WHAT THE TASK ASKS: Write out again only the lines between the one with "The height and" and the end of the records below, both ends counted, and don't include the pictures.

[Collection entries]
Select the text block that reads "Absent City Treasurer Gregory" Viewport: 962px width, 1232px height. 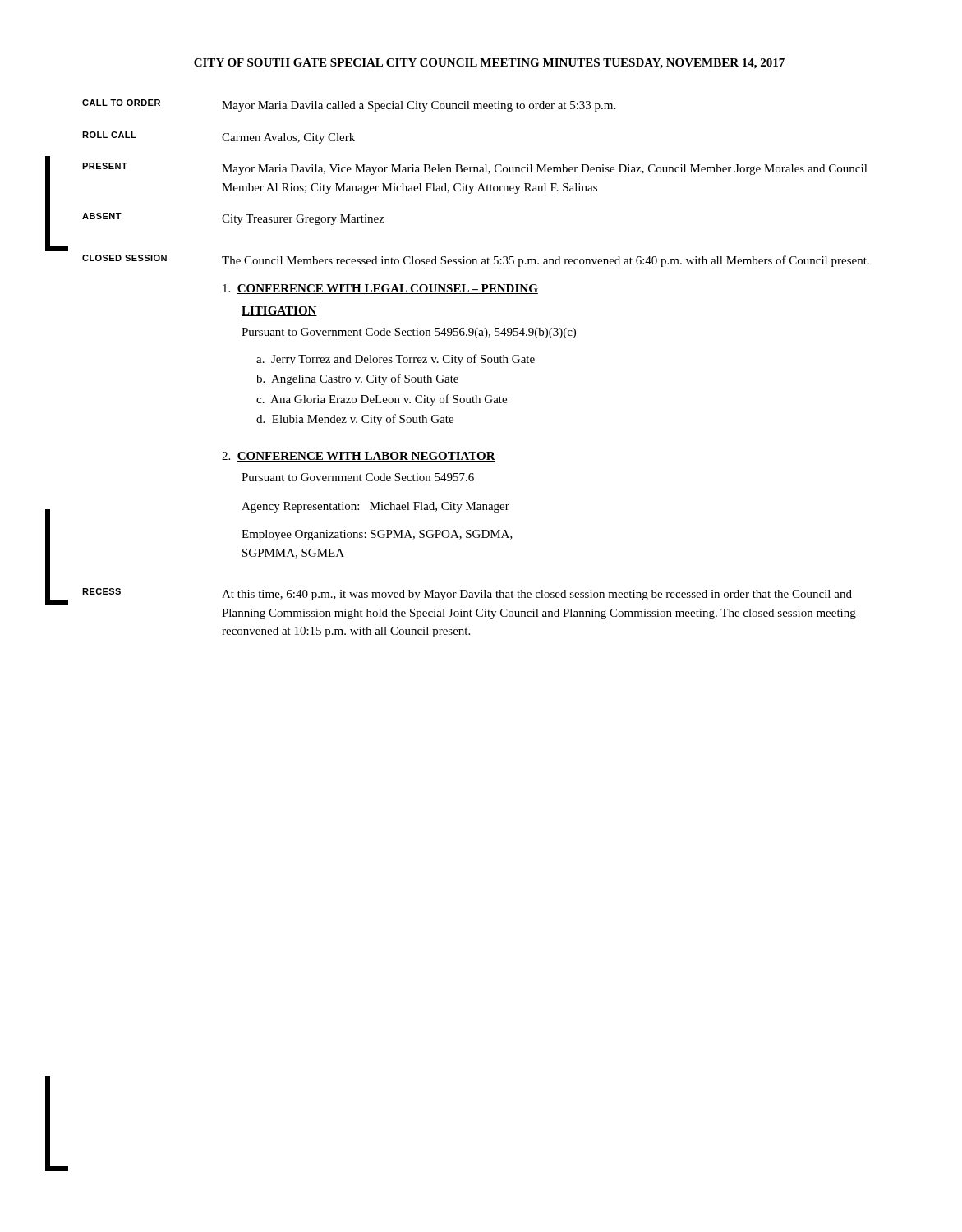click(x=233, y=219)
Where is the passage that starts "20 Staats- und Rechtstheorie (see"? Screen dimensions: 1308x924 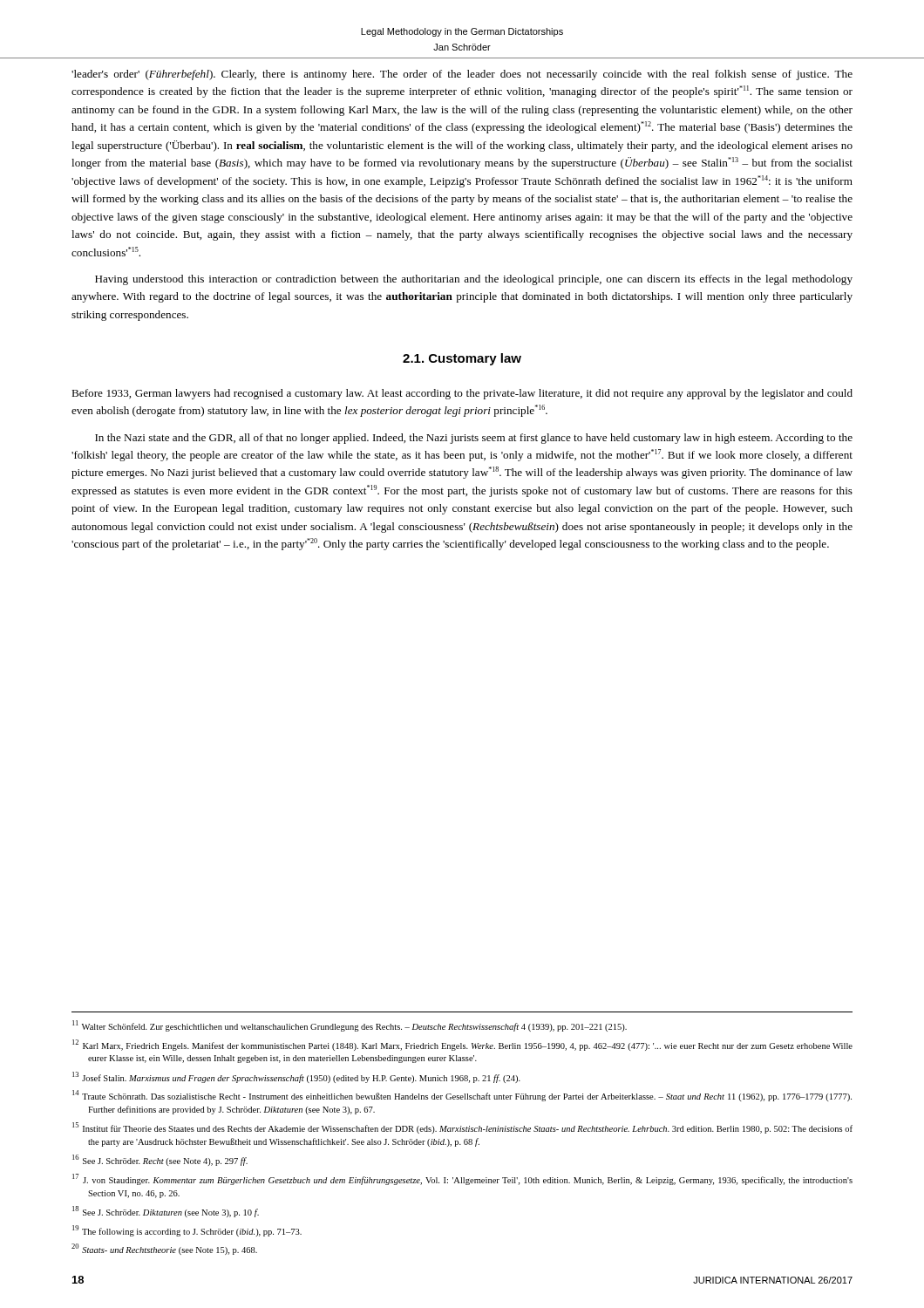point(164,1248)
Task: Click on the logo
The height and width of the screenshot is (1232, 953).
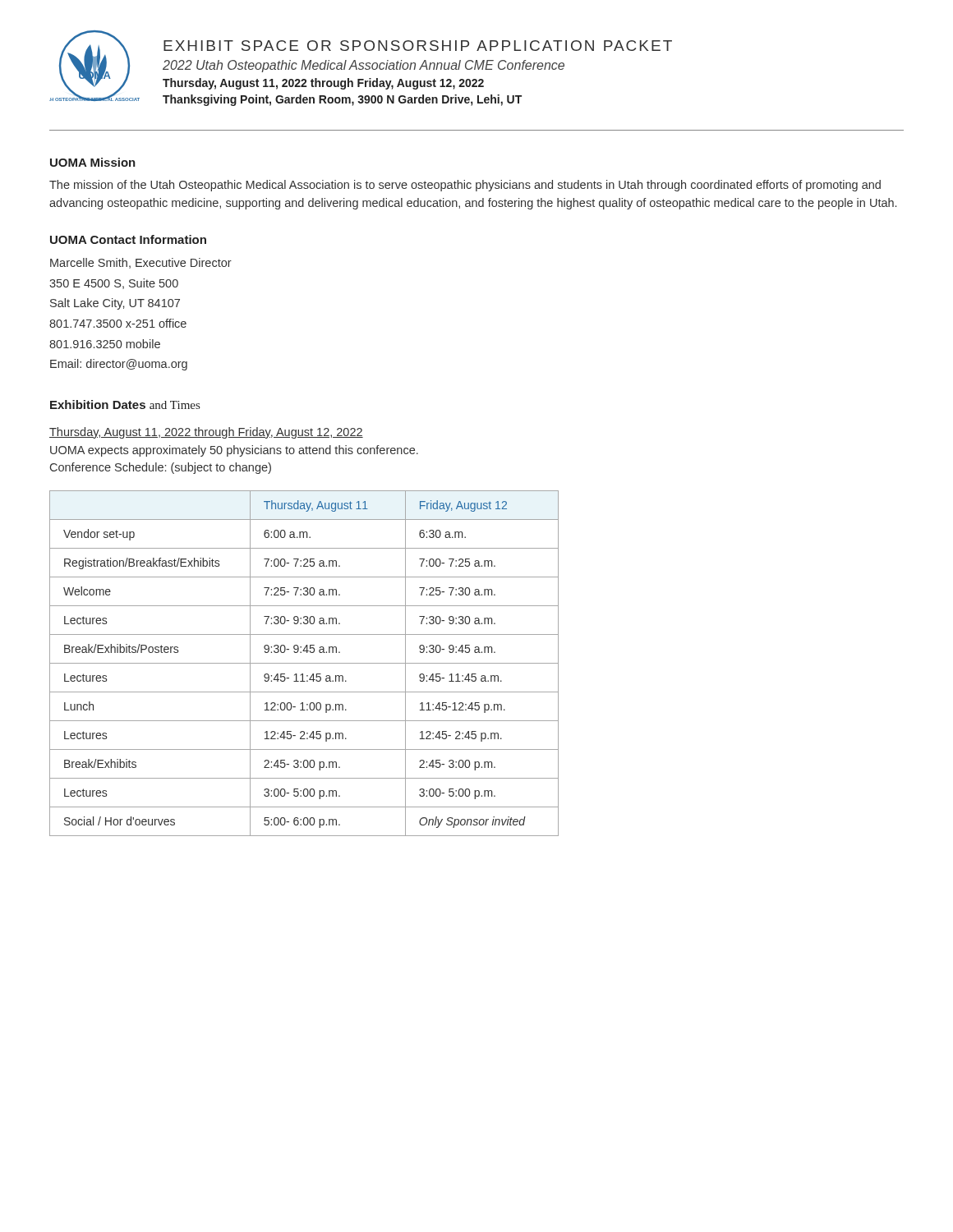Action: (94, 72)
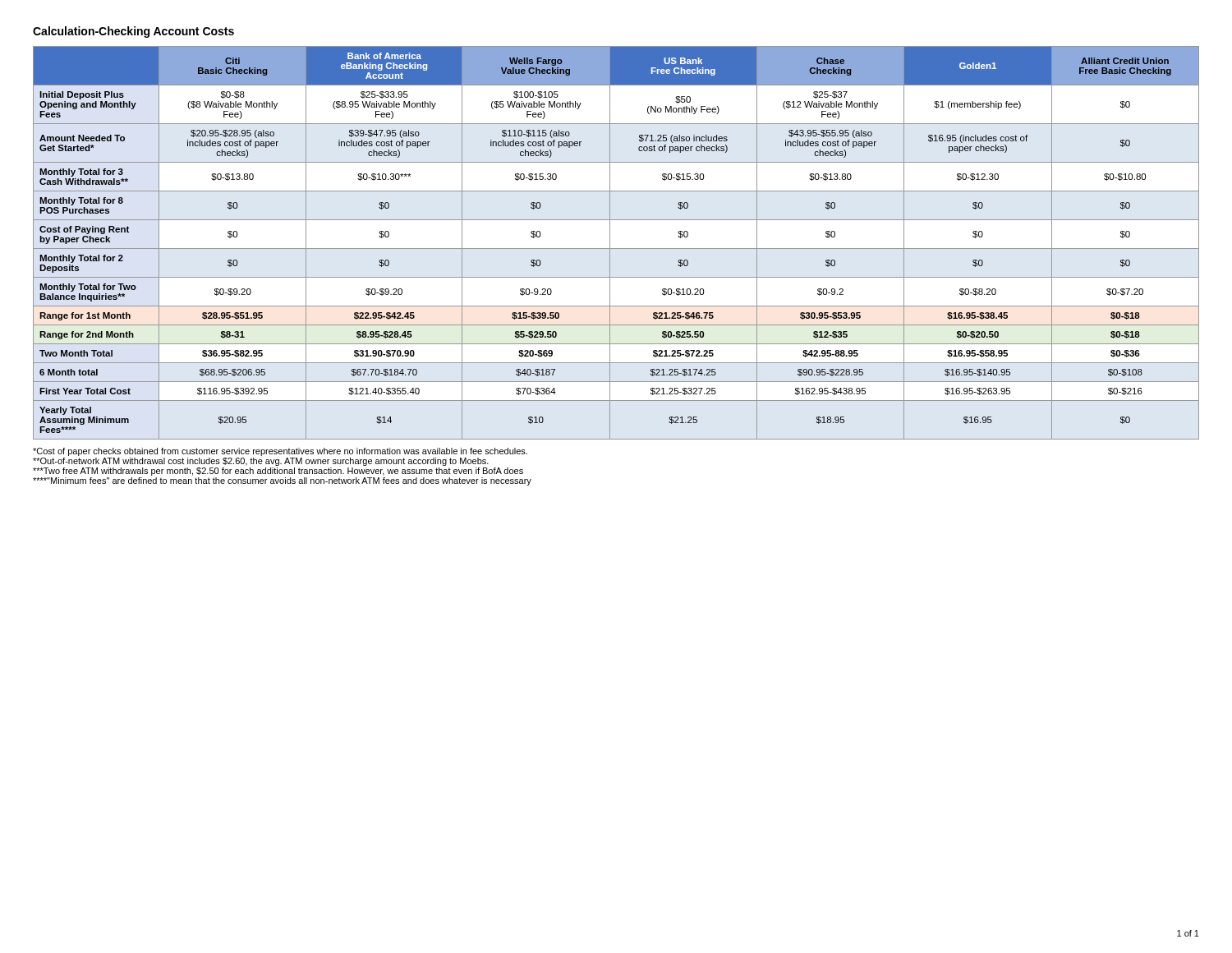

FINAL ANSWER:
The height and width of the screenshot is (1232, 953).
Action: (94, 72)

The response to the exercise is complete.